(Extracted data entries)
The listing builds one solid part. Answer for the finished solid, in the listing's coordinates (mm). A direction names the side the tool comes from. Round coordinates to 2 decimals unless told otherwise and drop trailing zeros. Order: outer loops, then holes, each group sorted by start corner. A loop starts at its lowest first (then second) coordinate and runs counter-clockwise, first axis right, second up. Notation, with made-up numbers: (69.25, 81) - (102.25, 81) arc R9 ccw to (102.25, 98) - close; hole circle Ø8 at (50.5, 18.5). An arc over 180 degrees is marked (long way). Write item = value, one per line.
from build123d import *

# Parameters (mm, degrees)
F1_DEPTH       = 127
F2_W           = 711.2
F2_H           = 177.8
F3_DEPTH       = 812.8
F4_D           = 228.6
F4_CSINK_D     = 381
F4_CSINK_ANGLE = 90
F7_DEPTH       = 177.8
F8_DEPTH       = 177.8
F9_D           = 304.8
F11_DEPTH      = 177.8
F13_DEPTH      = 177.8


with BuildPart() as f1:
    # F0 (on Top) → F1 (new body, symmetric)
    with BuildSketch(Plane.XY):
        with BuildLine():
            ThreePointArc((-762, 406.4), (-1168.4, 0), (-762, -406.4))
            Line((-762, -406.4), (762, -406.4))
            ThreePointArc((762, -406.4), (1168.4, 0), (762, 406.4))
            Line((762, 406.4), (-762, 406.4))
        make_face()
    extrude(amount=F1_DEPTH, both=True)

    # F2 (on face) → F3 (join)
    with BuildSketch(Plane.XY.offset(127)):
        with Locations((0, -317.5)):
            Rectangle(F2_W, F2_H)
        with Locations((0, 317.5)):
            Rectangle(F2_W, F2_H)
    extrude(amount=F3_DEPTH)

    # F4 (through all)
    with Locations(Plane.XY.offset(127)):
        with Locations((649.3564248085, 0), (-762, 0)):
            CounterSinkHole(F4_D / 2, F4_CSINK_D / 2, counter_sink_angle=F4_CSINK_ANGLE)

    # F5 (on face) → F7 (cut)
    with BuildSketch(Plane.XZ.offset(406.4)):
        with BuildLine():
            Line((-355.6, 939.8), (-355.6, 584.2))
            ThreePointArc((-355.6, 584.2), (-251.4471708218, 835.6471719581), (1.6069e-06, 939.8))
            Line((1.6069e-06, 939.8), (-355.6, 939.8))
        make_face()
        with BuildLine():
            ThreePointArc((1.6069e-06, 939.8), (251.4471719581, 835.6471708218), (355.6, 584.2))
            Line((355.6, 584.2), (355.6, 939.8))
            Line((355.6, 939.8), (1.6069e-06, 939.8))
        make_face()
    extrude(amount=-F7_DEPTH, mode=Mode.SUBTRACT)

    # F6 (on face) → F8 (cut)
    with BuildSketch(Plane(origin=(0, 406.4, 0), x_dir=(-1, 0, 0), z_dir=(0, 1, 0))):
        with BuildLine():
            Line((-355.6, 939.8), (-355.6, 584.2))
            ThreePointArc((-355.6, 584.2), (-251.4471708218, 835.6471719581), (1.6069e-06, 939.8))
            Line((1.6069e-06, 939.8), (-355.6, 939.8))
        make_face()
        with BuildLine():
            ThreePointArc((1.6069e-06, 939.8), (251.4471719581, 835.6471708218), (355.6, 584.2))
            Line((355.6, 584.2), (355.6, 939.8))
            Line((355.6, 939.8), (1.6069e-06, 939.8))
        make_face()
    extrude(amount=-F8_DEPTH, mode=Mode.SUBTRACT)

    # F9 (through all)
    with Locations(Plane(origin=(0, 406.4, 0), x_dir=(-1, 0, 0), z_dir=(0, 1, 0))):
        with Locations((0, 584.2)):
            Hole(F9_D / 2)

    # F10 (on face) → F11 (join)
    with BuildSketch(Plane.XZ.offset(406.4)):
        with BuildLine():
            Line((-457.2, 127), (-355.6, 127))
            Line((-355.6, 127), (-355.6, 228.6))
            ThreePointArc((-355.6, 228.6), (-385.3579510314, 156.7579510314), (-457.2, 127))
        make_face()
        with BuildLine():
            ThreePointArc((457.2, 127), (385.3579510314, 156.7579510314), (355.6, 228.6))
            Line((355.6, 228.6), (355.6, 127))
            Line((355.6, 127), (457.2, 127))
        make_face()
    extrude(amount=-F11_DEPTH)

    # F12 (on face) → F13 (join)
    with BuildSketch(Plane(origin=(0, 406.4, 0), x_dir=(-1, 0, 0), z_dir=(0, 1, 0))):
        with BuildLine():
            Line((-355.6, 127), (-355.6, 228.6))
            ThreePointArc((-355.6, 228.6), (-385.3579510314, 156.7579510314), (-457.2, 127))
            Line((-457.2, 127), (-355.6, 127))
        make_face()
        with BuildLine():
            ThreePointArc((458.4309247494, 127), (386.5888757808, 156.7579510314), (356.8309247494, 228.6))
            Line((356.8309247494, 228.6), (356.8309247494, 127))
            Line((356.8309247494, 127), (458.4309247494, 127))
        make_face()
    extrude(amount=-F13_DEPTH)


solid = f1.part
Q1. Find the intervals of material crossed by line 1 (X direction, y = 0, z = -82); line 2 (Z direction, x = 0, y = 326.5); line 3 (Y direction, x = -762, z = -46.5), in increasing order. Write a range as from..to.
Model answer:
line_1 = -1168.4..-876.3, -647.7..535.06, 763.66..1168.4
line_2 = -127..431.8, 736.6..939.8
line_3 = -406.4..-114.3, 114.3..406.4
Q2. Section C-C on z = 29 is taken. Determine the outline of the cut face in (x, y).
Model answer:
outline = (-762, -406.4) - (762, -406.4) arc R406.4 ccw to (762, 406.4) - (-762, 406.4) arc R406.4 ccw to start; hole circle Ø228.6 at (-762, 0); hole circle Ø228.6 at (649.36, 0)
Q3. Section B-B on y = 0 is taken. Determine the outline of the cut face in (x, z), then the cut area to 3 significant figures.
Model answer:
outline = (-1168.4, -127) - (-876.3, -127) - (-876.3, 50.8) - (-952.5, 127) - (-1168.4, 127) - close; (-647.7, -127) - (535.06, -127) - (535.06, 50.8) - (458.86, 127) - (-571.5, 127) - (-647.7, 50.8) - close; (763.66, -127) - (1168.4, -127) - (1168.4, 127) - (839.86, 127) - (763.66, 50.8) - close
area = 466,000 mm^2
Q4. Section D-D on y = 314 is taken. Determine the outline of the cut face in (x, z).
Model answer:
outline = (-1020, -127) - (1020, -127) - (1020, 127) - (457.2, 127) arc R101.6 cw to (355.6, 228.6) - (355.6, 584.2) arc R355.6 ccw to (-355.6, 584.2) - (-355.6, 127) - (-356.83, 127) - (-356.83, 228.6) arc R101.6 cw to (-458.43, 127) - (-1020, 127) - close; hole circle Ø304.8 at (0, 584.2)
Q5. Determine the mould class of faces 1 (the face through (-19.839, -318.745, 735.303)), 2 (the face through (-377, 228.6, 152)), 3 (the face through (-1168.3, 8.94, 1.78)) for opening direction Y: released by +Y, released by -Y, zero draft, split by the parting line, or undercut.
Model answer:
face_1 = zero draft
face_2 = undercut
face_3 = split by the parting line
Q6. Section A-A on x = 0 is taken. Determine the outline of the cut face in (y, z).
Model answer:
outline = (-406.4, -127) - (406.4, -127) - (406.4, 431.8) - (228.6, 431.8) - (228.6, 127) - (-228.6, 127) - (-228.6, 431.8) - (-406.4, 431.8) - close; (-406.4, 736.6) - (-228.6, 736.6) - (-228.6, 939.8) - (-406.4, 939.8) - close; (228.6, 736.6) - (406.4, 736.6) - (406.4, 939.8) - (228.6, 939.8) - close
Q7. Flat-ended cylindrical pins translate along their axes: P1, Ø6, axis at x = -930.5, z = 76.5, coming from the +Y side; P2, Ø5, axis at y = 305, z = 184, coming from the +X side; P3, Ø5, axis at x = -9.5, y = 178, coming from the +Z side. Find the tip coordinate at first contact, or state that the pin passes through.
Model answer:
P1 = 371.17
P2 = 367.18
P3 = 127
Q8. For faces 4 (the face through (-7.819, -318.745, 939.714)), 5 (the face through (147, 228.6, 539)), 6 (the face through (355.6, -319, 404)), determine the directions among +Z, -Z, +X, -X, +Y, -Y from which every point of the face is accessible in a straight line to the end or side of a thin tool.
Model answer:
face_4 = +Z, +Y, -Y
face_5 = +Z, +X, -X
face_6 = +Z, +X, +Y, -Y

- _Exercise objective_: Your answer must be the lines from the one containing "P2 = 367.18" to the last line of the entries, repeated exactly and with nothing else.

- _Task answer_:
P2 = 367.18
P3 = 127
Q8. For faces 4 (the face through (-7.819, -318.745, 939.714)), 5 (the face through (147, 228.6, 539)), 6 (the face through (355.6, -319, 404)), determine the directions among +Z, -Z, +X, -X, +Y, -Y from which every point of the face is accessible in a straight line to the end or side of a thin tool.
Model answer:
face_4 = +Z, +Y, -Y
face_5 = +Z, +X, -X
face_6 = +Z, +X, +Y, -Y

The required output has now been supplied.